Мейер, залившись краской до самых ушей, вскричал:
– Слушайте, вы! Все это плохо пахнет, а я не намерен впутываться в грязное дело. Я человек честный! Вот дверь, извольте удалиться сию же минуту, не то я позову полицию!
Приятель-Тулонец закинул ногу на ногу и развалился в кресле еще вальяжнее.
– Жил-был на свете один мальчик, – начал он, не повышая голоса, – который притворился уснувшим за столиком в кабачке «Сосновая шишка» в то самое время, когда в соседнем помещении убивали банковского служащего...
– Я спал! – в ужасе закричал Мейер. – Клянусь Богом, я спал!
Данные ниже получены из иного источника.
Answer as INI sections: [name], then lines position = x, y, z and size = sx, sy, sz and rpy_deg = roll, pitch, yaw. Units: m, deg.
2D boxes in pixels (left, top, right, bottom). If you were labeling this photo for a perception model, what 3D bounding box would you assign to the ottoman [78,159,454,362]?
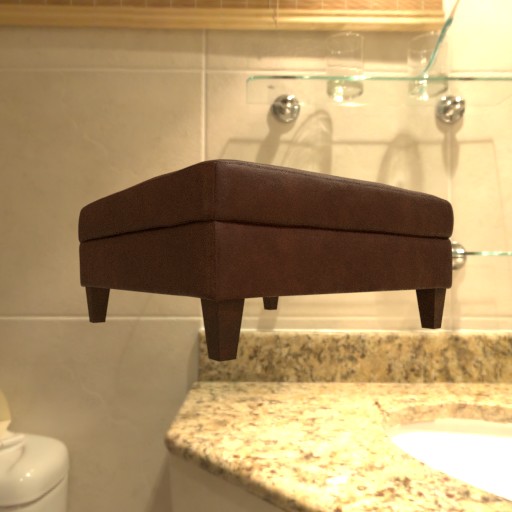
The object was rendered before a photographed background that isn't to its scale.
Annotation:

Я был пьян в стельку впервые в жизни.
– Этого мальчика разыскивают, – продолжал Приятель-Тулонец. – Ты когда-нибудь получал любовные записки вроде этой, малыш?
Он запустил руку в глубины своего плаща и швырнул к ногам Мейера листок бумаги с большой лиловой печатью.
Бедный парень пригнул голову, вгляделся в документ и зашатался, словно от сильного удара.
– Ордер на задержание! – пролепетал он сдавленным голосом. – Так и есть... я работал тогда посыльным в канцелярии суда Кольмара... И мое имя! Мое полное имя!.. Кто Вы такой, сударь?